To date, DHA have been unwilling or unable to provide information on the matters mentioned above.

What you can do to help

Send a letter to Minister Matt Thistlethwaite (minister directly responsible for DHA) asking for reports that address the above matters – Take Action


3.0 Major fire at Lee Point

The major fire left the Lee Point Biodiversity Corridor east of Lee Point Road in a poor state.

Firefighters arriving at Binybara Camp on Sunday 13 Aug 2023

Nearly all the old growth trees survived but many trees and plants were affected making life harder for the animals living there to find food. Some animals were killed or badly injured by the fire. The possum below had to be put down – refer Darwin Wildlife Sanctuary.

Northern brushtail possum after the fire

Northern brown bandicoot in reasonable condition a few days after the fire.

Fires near the end of the dry season are generally much more intense and bad news. The mammals sheltering in tree hollows from the fire are more likely to die from radiant heat than contact with flames. Intense fires can also mean that the eucalypt trees (assuming they survive) will not flower for several years, the trees needing this time to recover.

The firefighters were able to stop the fire getting into the golf course due to a firebreak and a lot of hard work. The fire burnt over 50ha of the corridor including the “50m buffer” for the gouldian finch. Having some suitable firebreaks on the DHA land could have reduced the burned area.
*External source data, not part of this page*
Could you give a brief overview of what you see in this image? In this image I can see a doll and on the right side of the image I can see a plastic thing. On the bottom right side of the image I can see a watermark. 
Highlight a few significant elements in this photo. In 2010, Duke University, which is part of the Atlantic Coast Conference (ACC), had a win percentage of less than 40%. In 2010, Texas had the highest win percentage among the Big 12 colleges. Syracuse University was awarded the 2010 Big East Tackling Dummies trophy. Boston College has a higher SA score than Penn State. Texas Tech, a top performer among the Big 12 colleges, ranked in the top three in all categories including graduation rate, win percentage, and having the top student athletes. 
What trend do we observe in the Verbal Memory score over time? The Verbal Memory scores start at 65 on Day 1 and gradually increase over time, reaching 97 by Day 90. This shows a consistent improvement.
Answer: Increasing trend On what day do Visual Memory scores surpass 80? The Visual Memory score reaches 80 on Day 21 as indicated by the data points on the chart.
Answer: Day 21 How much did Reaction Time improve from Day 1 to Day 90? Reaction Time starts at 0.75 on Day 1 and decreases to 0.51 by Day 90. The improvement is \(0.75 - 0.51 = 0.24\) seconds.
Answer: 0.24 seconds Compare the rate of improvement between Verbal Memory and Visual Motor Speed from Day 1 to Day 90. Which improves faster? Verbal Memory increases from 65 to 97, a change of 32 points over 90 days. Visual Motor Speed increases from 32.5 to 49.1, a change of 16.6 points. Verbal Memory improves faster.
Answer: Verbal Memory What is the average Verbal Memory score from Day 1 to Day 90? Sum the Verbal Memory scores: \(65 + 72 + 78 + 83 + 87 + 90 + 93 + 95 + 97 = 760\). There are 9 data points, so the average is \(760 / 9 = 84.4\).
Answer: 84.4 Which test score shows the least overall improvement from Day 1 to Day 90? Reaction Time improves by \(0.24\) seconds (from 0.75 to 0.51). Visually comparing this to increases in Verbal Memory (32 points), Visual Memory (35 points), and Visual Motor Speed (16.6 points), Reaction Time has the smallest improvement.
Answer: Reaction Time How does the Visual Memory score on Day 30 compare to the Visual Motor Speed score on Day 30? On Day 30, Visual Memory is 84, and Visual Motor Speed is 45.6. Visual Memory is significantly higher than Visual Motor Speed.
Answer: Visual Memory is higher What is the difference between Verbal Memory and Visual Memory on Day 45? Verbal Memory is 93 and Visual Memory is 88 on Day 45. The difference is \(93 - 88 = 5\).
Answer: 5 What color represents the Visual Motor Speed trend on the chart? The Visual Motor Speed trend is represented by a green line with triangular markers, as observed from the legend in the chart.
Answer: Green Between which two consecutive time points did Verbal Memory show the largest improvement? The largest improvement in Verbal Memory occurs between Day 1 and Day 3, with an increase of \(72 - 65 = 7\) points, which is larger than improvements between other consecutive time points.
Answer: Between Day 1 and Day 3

Please ring 000 immediately if you see a fire at Lee Point, it’s probably arson – time is important. A high fire danger period is currently in place from 26 Jun-31 Oct.


4.0  Quiz

Q1. Identifying gum trees is challenging; flowers and fruit are a key feature in identifying different species. Match the images of the fruits and flowers to the listed trees below growing at Lee Point. Answers at the end.

    • Scarlet gum (Eucalyptus phoenicea)

    • Darwin stringybark (Eucalyptus tetradonda)

    • Long fruited bloodwood (Corymbia polycarpa)

    • Darwin woollybutt (Eucalyptus miniata)


5.0 Plants and wildlife


Jungle Huntsman spider (Heteropoda renibulbis).

Going on a walk with the NT Field Naturalists is a good way to find out more about spiders and lots of other wildlife.

Lemon-bellied flyrobin

Red-tailed black cockatoo (female) eating seeds from a long-fruited bloodwood.


Until next time enjoy the dry season at Lee Point (Binybara)


Answers to Quiz

Fruits are from these trees seen at Lee Point:
1. Long fruited bloodwood (Corymbia polycarpa)
2. Darwin woollybutt (Eucalyptus miniata)
3. Scarlet gum (Eucalyptus phoenicea)
4. Darwin stringybark (Eucalyptus tetradonda)

Image 1 is on the south of the dam, Image 2 is near the Lee Point Osprey Tower, Image 3 on the way to the dam, and Image 4 near the gate where the security guards currently sit.
Photos of the trees can be found on-line using their scientific names.